Therapeutinnen, Klientinnen, potenzielle Klientinnen, Feministinnen, Frauen verschiedenster Fachrichtungen, Heteros, Lesben, interessierte Männer wurden alle eingeladen, an der Planung des neuen Institutes mitzuwirken. Während des gesamten Prozesses der Ausarbeitung des Lehrplans, auf dem Weg zur Akkreditierung bis hin zu dem Punkt, an dem wir bereit waren, Bewerberinnen aufzunehmen, waren unsere heftigsten Kritiker und Angreifer – Frauen. (War dies der Beginn der dritten Phase?)

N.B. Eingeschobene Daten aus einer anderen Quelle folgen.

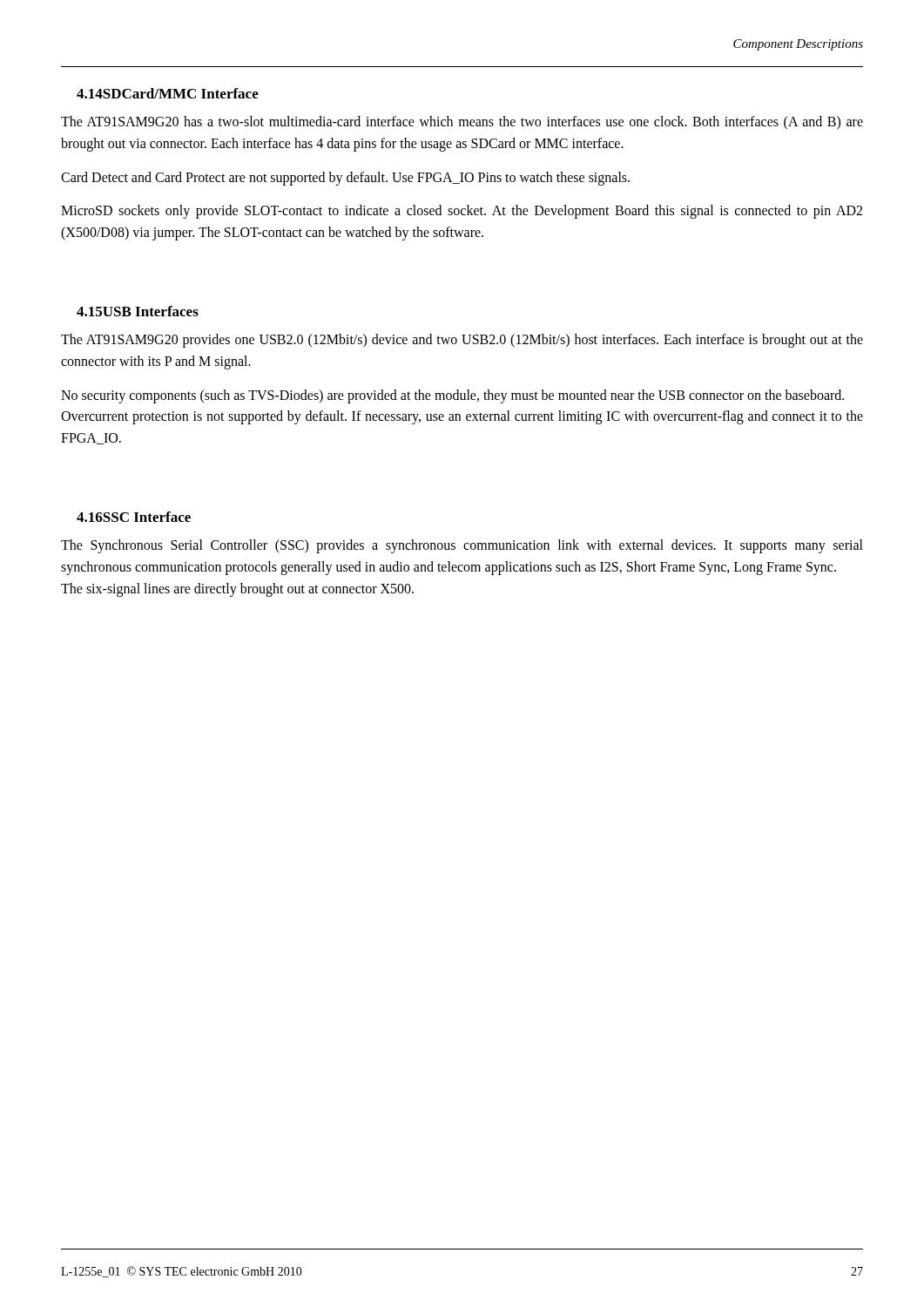Where is the passage that starts "Card Detect and"?
The height and width of the screenshot is (1307, 924).
tap(346, 177)
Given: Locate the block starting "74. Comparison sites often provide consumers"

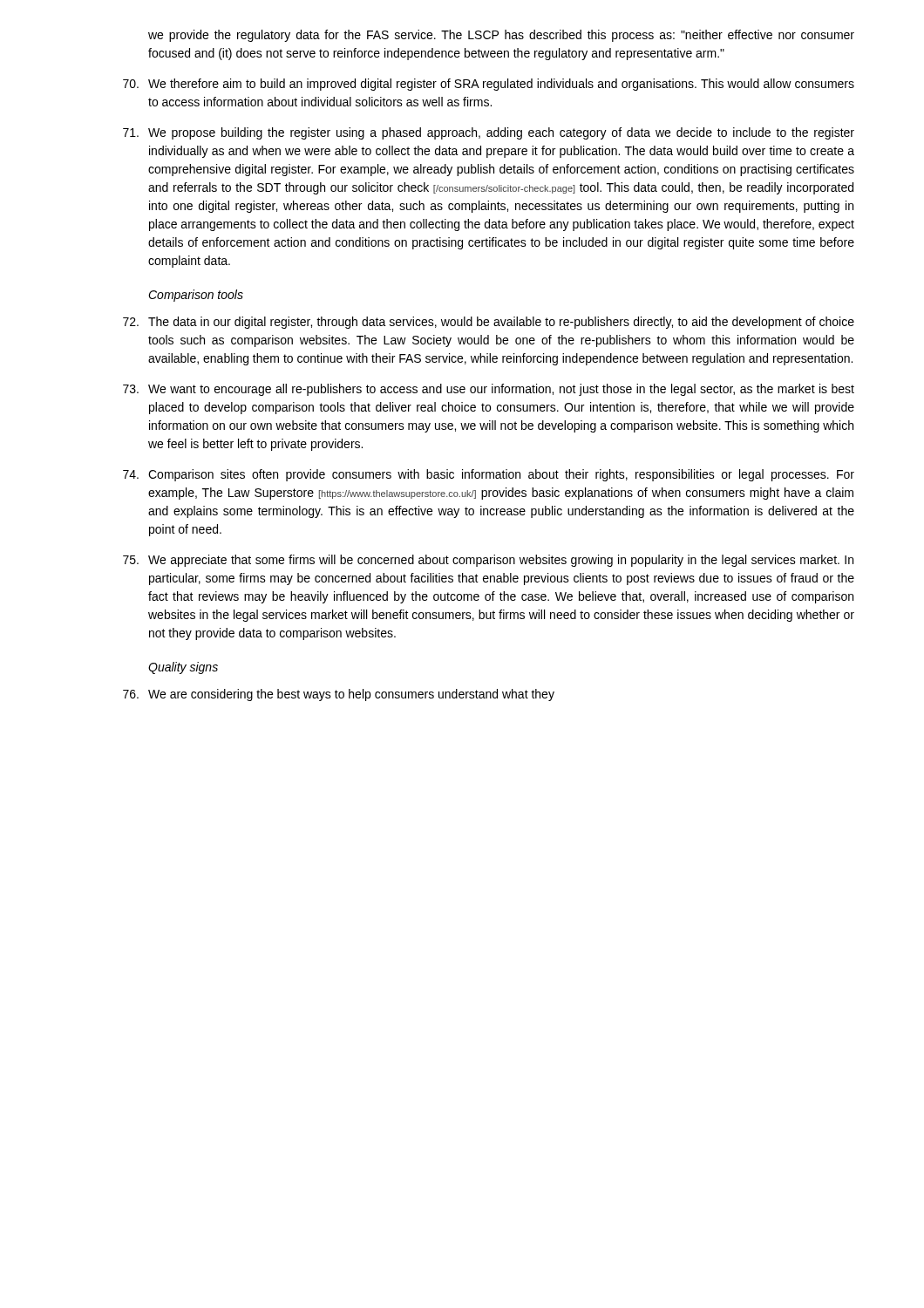Looking at the screenshot, I should point(475,502).
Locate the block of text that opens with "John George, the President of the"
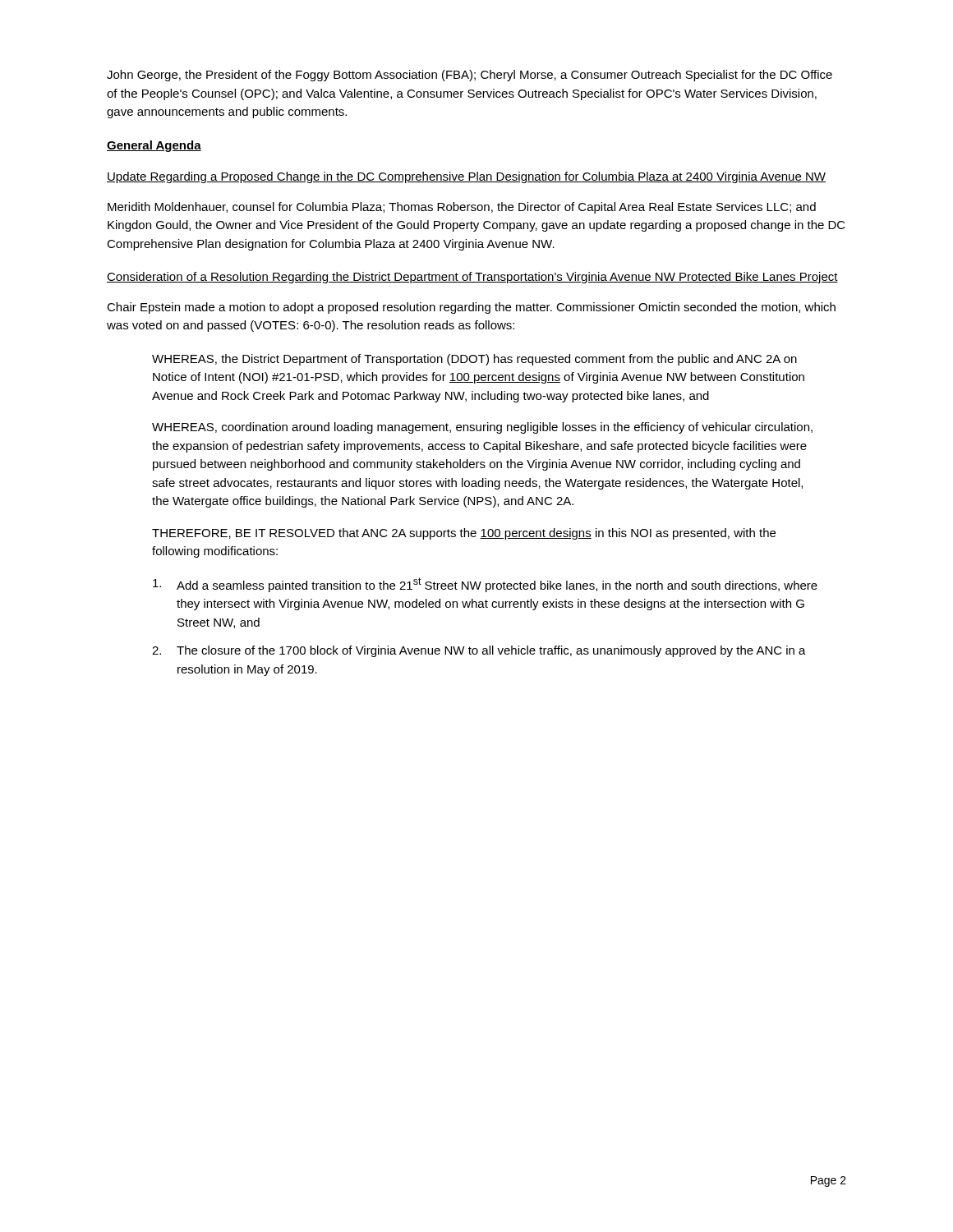Image resolution: width=953 pixels, height=1232 pixels. coord(470,93)
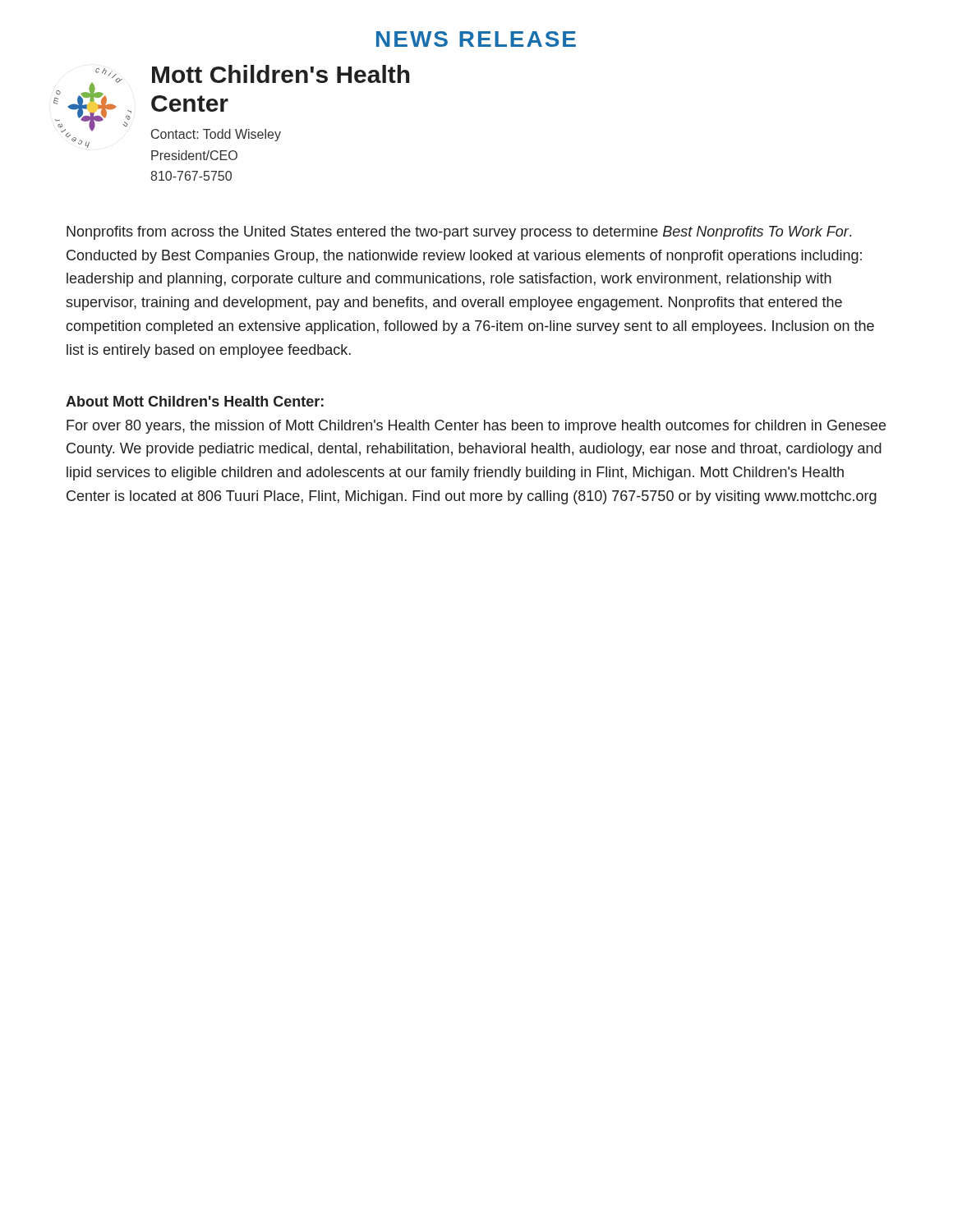Locate the text block that says "For over 80"
This screenshot has width=953, height=1232.
tap(476, 461)
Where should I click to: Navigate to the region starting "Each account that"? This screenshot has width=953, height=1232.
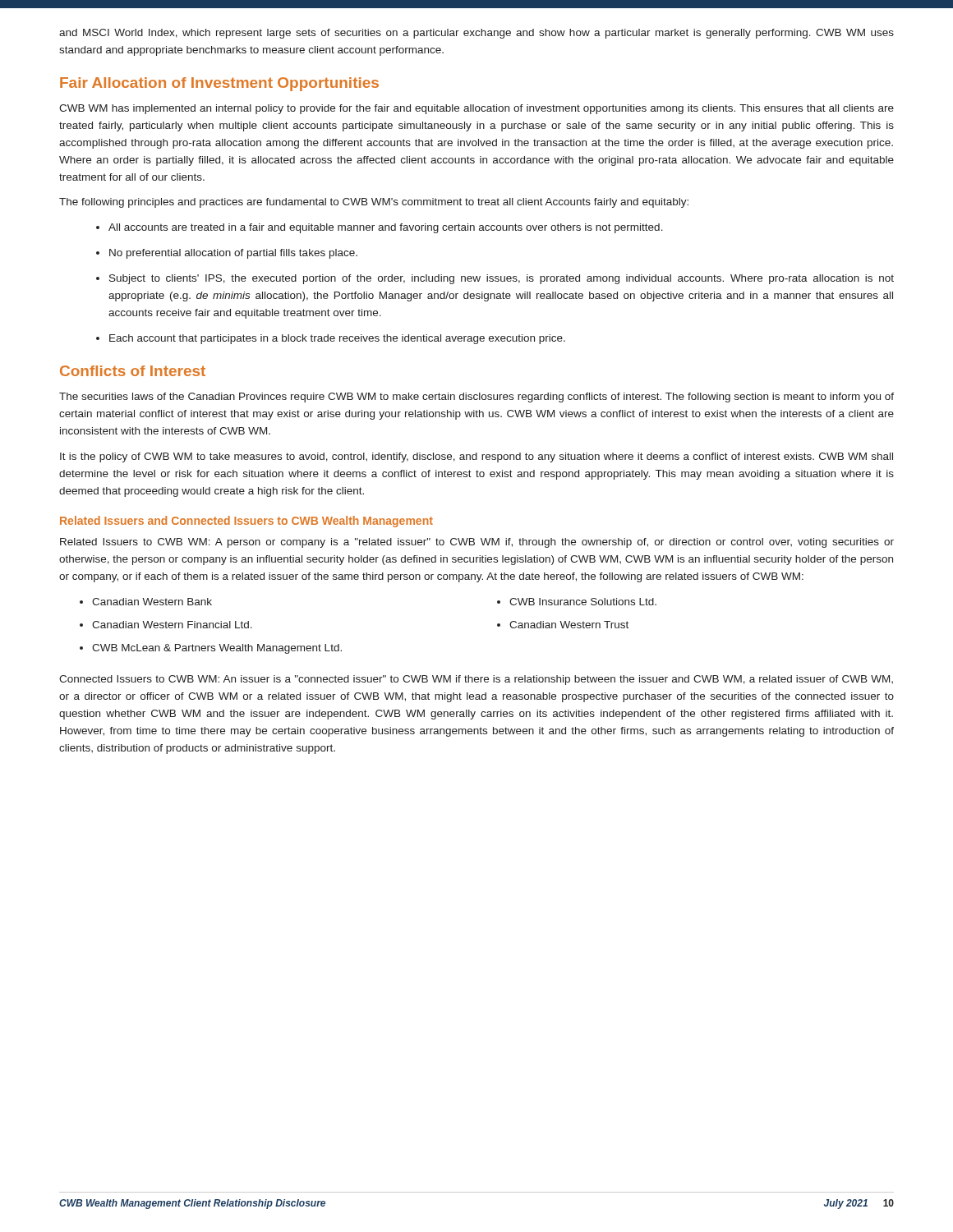[501, 339]

Die Psychologinnen dachten, nur zugelassene Psychotherapeutinnen und Diplompsychologinnen, jedoch gewiss keine zukünftigen Klientinnen, sollten den Lehrplan konzipieren und alles kontrollieren. Sie schienen wütend zu sein, dass nicht sie das Sagen hatten und fanden es lächerlich, dass potenzielle Nutzerinnen der Dienstleistung in die Planung einbezogen wurden.
Eine bekannte Feministin, die wir gern im Vorstand gehabt hätten, weil wir dachten, das sei politisch vorteilhaft, entschied sich, als Direktorin die Führung zu übernehmen. Da ich in ihren Augen ein „Niemand“ war (nach meiner Erfahrung sehen viele Leute von der US-amerikanischen Ostküste jeden, der aus Gebieten westlich des Potomacflusses kommt, als einen „Niemand“ an), unternahm sie den Versuch, mich meines Postens zu entheben und unser Institut als Basis zum Aufbau ihrer „Frauenarmee“ zu benutzen. Sie scheiterte damit.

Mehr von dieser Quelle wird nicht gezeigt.